То, что я слышал об Энглерте, не может мне темнить его замечательной личности, соединяющей талант, волю, пылкую прямоту и выражающей себя в ряде сердечных поступков; то, что я слышал, — бросает тень на тех, кто распространял об Энглерте эти слухи; тигр может растерзать человека; но он не… клоп; у меня есть наблюдательность, хотя бы… как у писателя. Когда мне ставят образы пусть звериного мира, я знаю, когда передо мной воняет "клоп". Энглерт, — не клоп, не тигр, а яркий человек, на много голов превышающий тех, кто о нем распространил "гадости". С ним случилось "несчастие" — он бросил Штейнера: бросил — с ропотом; и — отдался… католицизму.

Это — трагедия, для Энглерта чреватая изменением, может быть, и ритма воплощений: но я вижу тему "шумановского" безумия, овладевшую темой "шубертовской" зари.
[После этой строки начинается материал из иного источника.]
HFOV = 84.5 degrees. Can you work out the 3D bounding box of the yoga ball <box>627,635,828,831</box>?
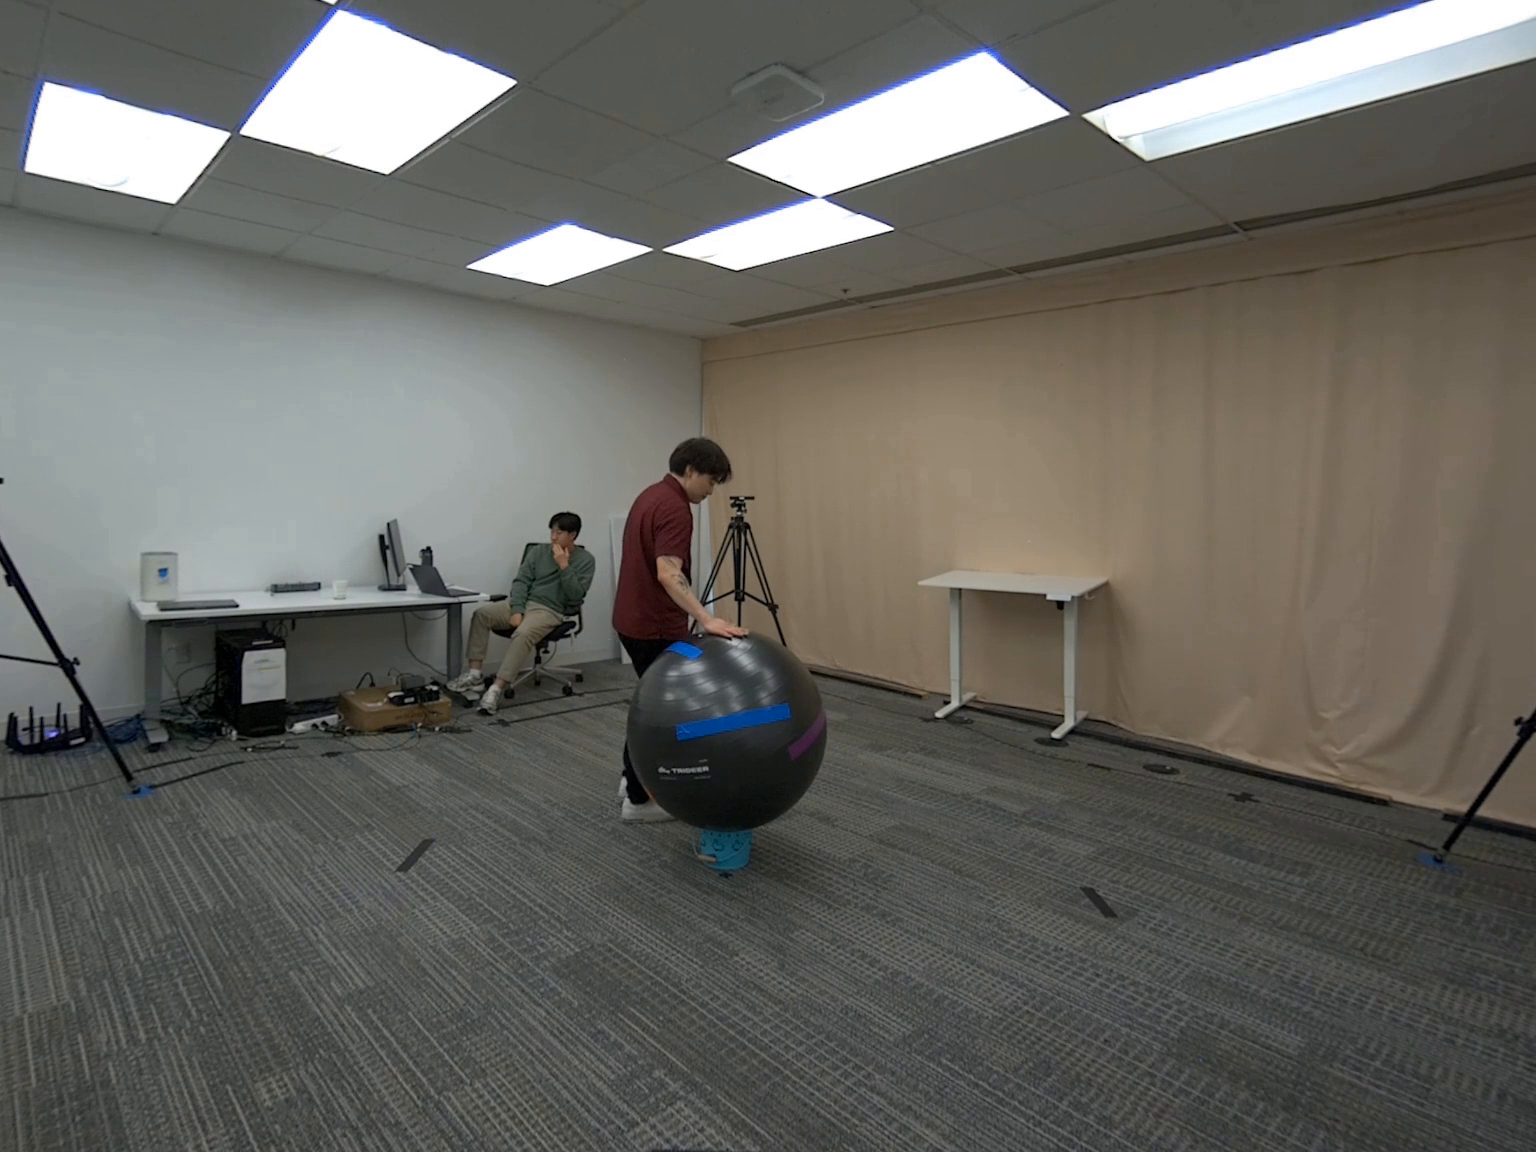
[{"bbox_3d":[-0.159,0.587,3.206,0.757,0.756,0.761,1,4,-1],"label":"yoga ball"}]

И В ЭТОЙ СУДЬБЕ — УЗНАЮ ТЕБЯ, ДОРНАХ!

Это — судьба ТЕХ мест: мест, откуда на Гетеанум косились злые замки; мест, откуда и для меня выходил "черт"; мест, где решалась судьба… и моя; и не моя одна, но… и Ницше: в его писании "Происхождение трагедии из духа музыки", в его разрыве с Вагнером, в его ужасе перед мещанством и пошлостью.

Роковые места!

И в роковых местах встает передо мною роковая фигура… Энглерта, строителя Гетеанума, проклявшего… Гетеанум. Хочется воскликнуть: "Эссе омо!"

И — руки прочь от него!

"Вот Энглерт, замечательно талантливый инженер, с головой ушедший в сложные сооружения "БАУ", — требующие совершенно новой, не примененной нигде еще строительной техники; доктор ему доверяет во всем; а вот наш архитектор Шмидт"… — и тут обрывали, никак не характеризуя Шмидта; и я видел: высокую, надменную фигуру чернобородого Шмидта с неподвижными неумными глазами, точно красующуюся своим званием "архитектора"; и я видел сперва казавшуюся невзрачной фигурку в очках, с каштановой бородкою, с розовым лицом, с большими губами, сутулую, суетливо спешащую куда — то в толпе.

Это было в Берлине.

Фигурка в пиджачке не занимала меня; в ней было что — то деловое и будничное; она напоминала скорее неинтересный инструмент в действии (уж не знаю какой), один из тех инструментов, действие которых непонятно; взглянешь, — и ничего не скажешь.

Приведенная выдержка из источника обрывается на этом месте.